SGER: Collaborative Research: Sleep in Nocturnal Bird Migrants, an Interdisciplinary Study
University Of Southern Mississippi, Hattiesburg MS
Investigators
Abstract
Collaborative Research: Sleep in nocturnal bird migrants, an interdisciplinary study Frank R. Moore University of Southern Mississippi Animals spend their lives either awake or asleep. Wakefulness allows animals to interact effectively with their environment, while waking performance is contingent on sleep, the function of which remains largely unknown. An animal may mitigate the conflict between sleep and wakefulness by engaging in unihemispheric sleep, a unique state during which one cerebral hemisphere sleeps while the other remains awake. This interdisciplinary, collaborative project takes advantage of nocturnal bird migrants as a natural model system to study the behavioral and physiological properties of sleep, the consequences of naturally occurring sleep loss, and the compensatory adjustments that accompany sleep loss.
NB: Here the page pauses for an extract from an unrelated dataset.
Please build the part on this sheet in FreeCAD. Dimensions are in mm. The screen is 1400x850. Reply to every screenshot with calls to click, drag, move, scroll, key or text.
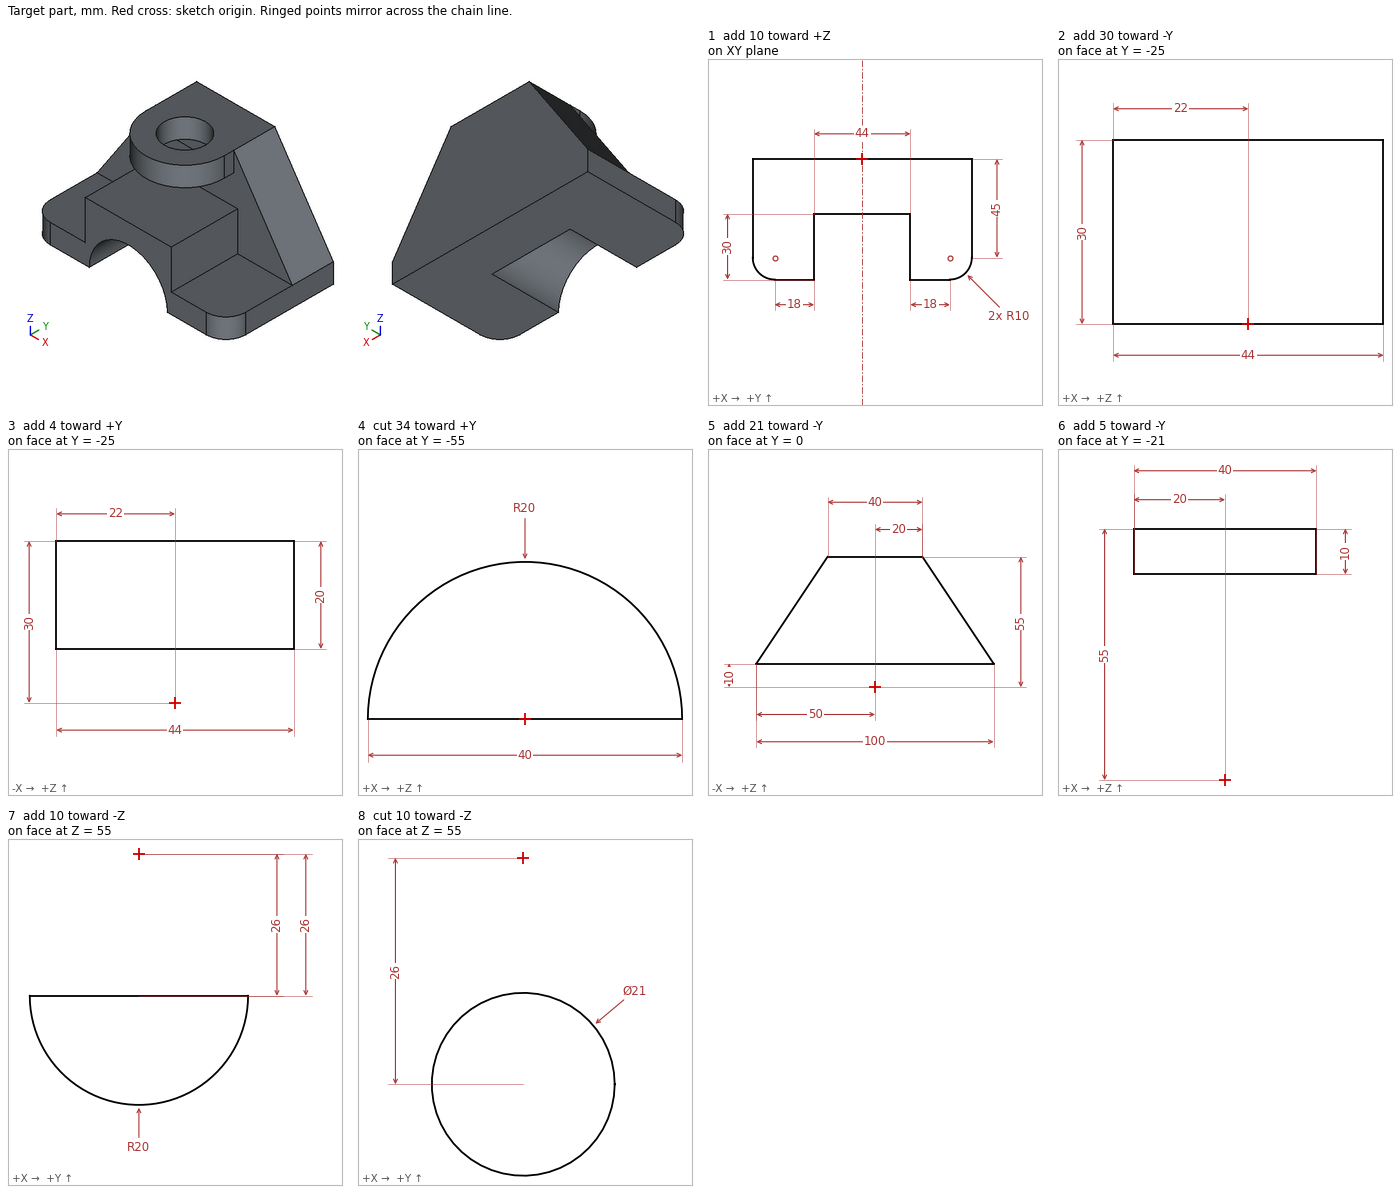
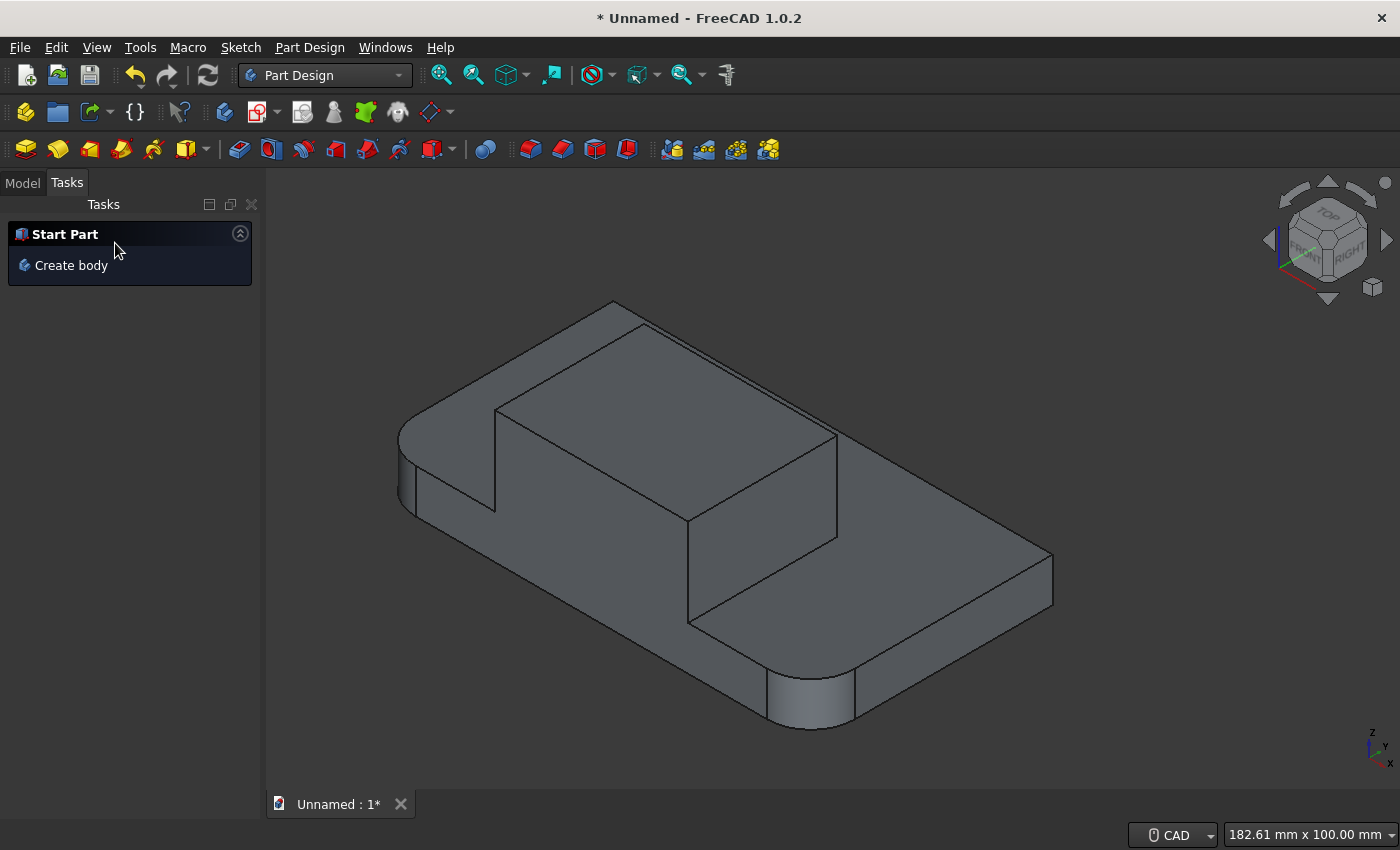
click(591, 541)

Most bird species are active during the day and sleep at night, exceQt during migration when their migratory flights occur at night. By traveling at night a migrating bird experiences reduced threat of predation, improved atmospheric conditions for flight, and more time to feed during the day. Advantages of nocturnal migration aside, birds necessarily lose sleep by migrating at night and changes in sleep behavior could have adverse consequences. Laboratory and field studies of sleep in the Swainson' s Thrush, an intercontinental bird migrant, are combined to ask how seasonally sleep deprived birds compensate for that deprivation at the behavioral and physiological level. The contribution of the study is measured in terms of both application of methodology to the study of sleep and understanding the function of sleep.